Improve Remote Execution failure diagnostics

TheGrizzlyDev commented 1 month ago

when RE is the OSS variant always log the action digest
on any kind of failure, both user failures as well as RE failures, propagate the message from the execution as it can contain useful informations for debugging (like links to some UI)

JakobDegen commented 4 weeks ago

So I had kind of had this thought on a previous PR, but I think now might be the right time to bring it up:

It might be good to simplify the RE configuration and setup situation by making buck2 aware of different RE providers. Specifically what I have in mind here is a concept of "profiles," ie a buck2_re_client.provider_profile that could be set to "engflow," "buildbarn," or left as some default variant. This profile would primarily affect the choice of defaults for many of the other configuration knobs in the buck2_re_client section, but could also be used for things like in this PR, as well as maybe simplifying other things.
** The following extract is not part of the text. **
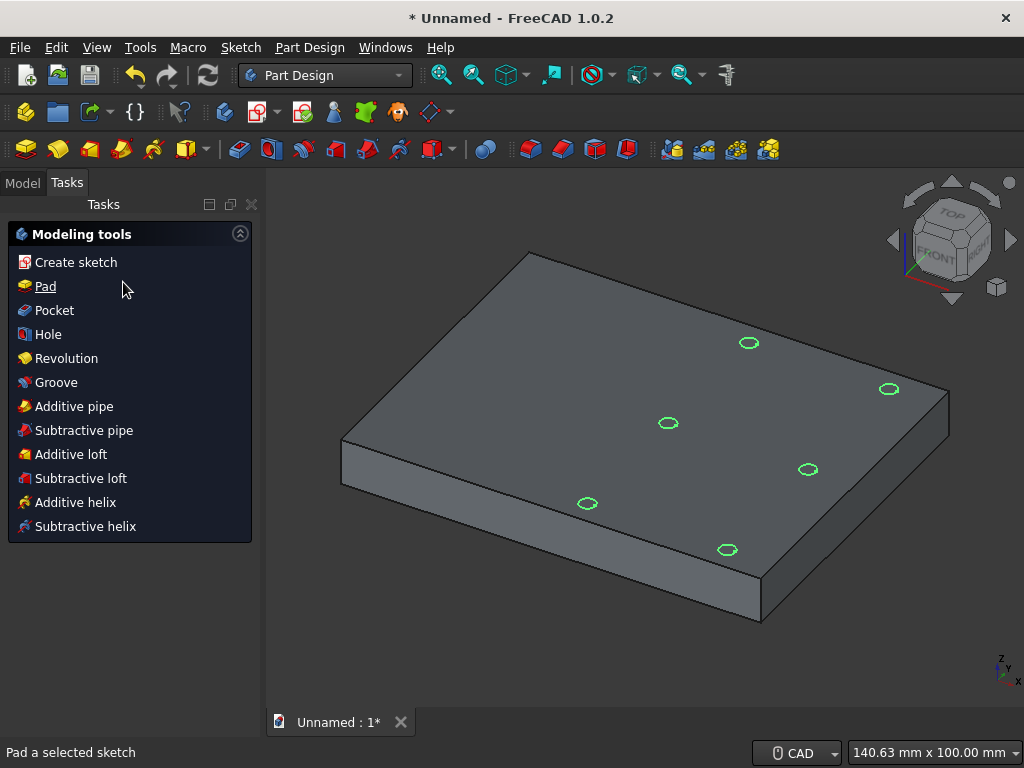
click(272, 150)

Concretely, the benefits I'm imagining for this are:

On the buck2 core side, it makes maintenance and review simpler. It's very easy for me to accept a PR from someone at engflow updating defaults for the engflow profile, it's much harder if I have to spend time thinking about whether this will make the experience worse for users of other backends - that's especially true because I often just can't know whether that's going to be the case, and exhaustive manual testing against other RE providers is really cumbersome.
For maintainers of the RE backends, this should make it easier to ensure that their users have the right defaults. There's no need to publish a page with "if using with buck2, we recommend this list of settings," and there's no risk of user's defaults being stale wrt the latest recommendations.
It might reduce the total number of configuration knobs that are needed, which is often a win for mental overhead.
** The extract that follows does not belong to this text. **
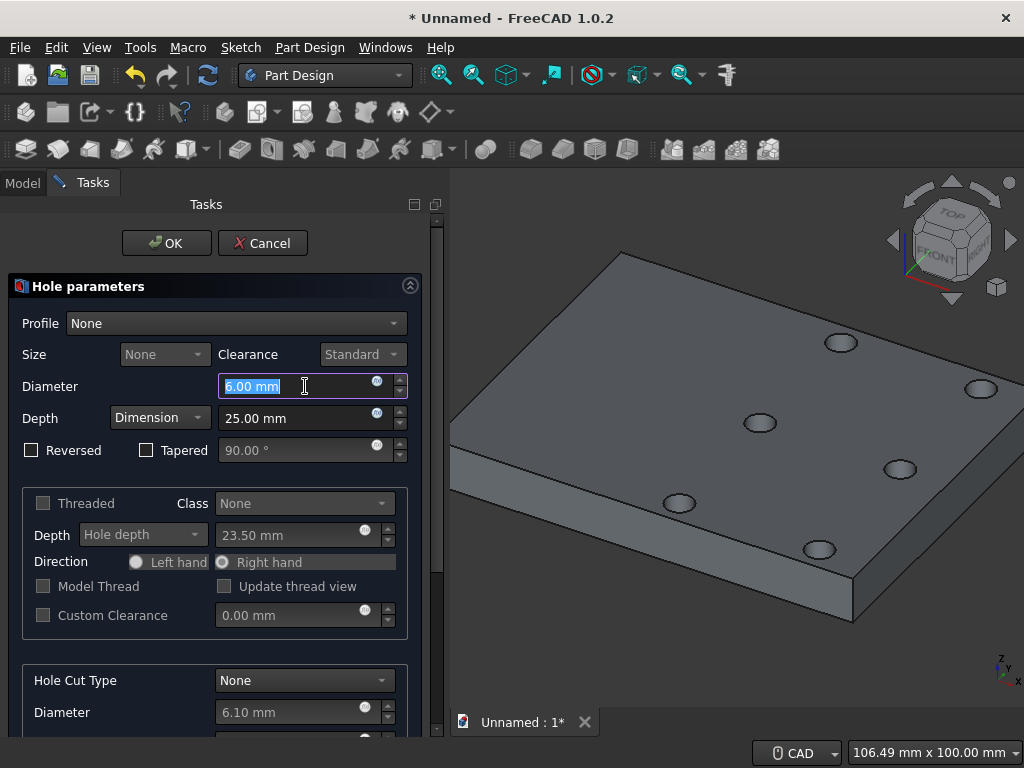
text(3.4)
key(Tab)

Is this something that you would be interested in either using or possibly also doing a bit of refactoring to implement it?

If so, I will need to raise this internally and make sure that the whole team is onboard with it, but I don't expect it to be too controversial.

As to this PR, my concern with it is basically that while I totally believe that this is useful and important for you and your users, I have basically no confidence that this won't contain anything from redundant to actively misleading information for other backends, so I don't know that I can just take it as-is. If you wanted to unblock yourself quickly we could just put this behind another configuration option, but that felt a bit silly hence the suggestion above.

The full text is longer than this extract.